Dienstag, 1. Dezember 2015

der hauch des guten



es war der grosse tag gekommen. schon seit wochen erinnerten fette schriftzuege an den fenstern der busse und autos, auf plakaten, haeuserwaenden und im fernsehen, dass dieses wochenende chiles beruehmter spendenmarathon in die 28. runde geht: die teletón. seit 1978 findet jaehrlich im november eine riesige solidaritaetsgala fuer behinderte menschen in chile statt.


don francisco ist der thomas gottschalk chiles, aufmerksame blog-leser moegen ihn schon kennen. er fuehrt in 27 stunden durch eine musik- und traenenreiche show voller schicksalsgeschichten, hoffnungsschimmer und emotionaler momente. mit eindringlichem enthusiasmus wird auf mehreren kanaelen gleichzeitig die gesellschaft aufgerufen, fuereinander einzustehen und jenen personen zu helfen, die besonders grosses pech in ihrem leben hatten und auf unterstuetzung angewiesen sind. das ergebnis ist beachtlich. dieses jahr kamen mehr als 40 millionen euro zusammen. mit dem geld wird die teletón-stiftung finanziert, die mit landesweiten einrichtungen einen essentiellen teil zur rehabilitation und eingliederung der betroffenen beitraegt.

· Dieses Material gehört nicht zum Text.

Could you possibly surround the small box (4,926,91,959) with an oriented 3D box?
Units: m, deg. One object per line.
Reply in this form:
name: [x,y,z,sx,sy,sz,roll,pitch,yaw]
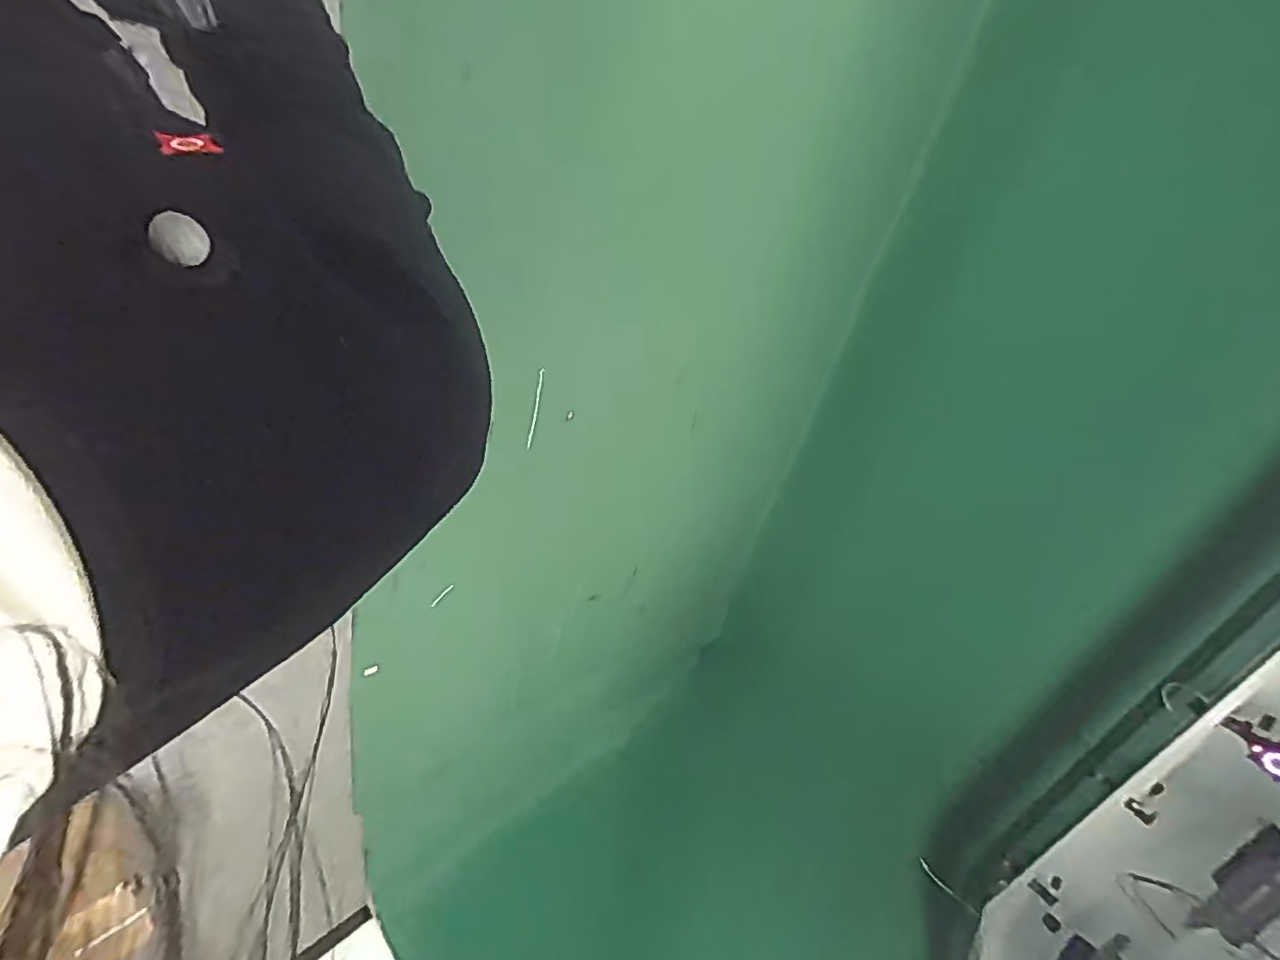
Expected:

familien und vereine, nachbarn und kollegen, kindergaerten und altenheime von punta arenas in patagonien bis arica in der atacama-wueste haben zum teil schon vor monaten mit spendensammlungen begonnen. heute ueberreichen sie stolz ihren betrag und schreien den slogen in eine videobotschaft: „die teletón machen wir alle zusammen“. und auch die wirtschaft sitzt im boot. ob airlines, kleidergeschaefte, telefonanbieter oder klopapierfabrikanten: die big player der nationalen oekonomie klinken sich tatkraeftig ein, transferieren grosse summen, werben fuer das gute und initiieren eigene aktionen. 

"teletón - die wichtigste marke ist die, die du hinterlaesst... das macht lust auf 'watts' [saft]"

die teletón schiebt ein randthema in den vordergrund, macht bewusst, ruettelt wach. und sie eint das land. menschen, institutionen und unternehmen ruecken heute zusammen und engagieren sich fuer ein gemeinsames ziel: solidaritaet mit den benachteiligten der gesellschaft. dieser fernseh-spendenmarathon ist eine bemerkenswerte tradition chiles, der sich mittlerweile in ganz amerika wie auch auf anderen kontinenten etabliert hat. beachtlich.

oder?

rein gar nichts spricht gegen die hilfsbereitschaft fuereinander. und ein katastrophengeplagtes land wie chile braucht vielleicht auch etwas mehr davon als andere nationen. aber hier geht es um dauerhafte grundbeduerfnisse der betroffenen: ergotherapie fuer unfallopfer, fruehfoerderung fuer das geistig behinderte kleinkind oder berufliche wiedereingliederung. ist das nicht eigentlich aufgabe des staats? doch die praesidentin und andere minister sitzen im publikum und rufen im einklang zu mehr finanziellen zuwendungen auf. das schicksal der empfaenger liegt damit in den haenden der willigen spender. und in denen des teletón-netzwerkes. denn im tiefen sueden des landes, in kleineren staedten oder auf den chilenischen inseln gibt es ihre einrichtungen nicht. 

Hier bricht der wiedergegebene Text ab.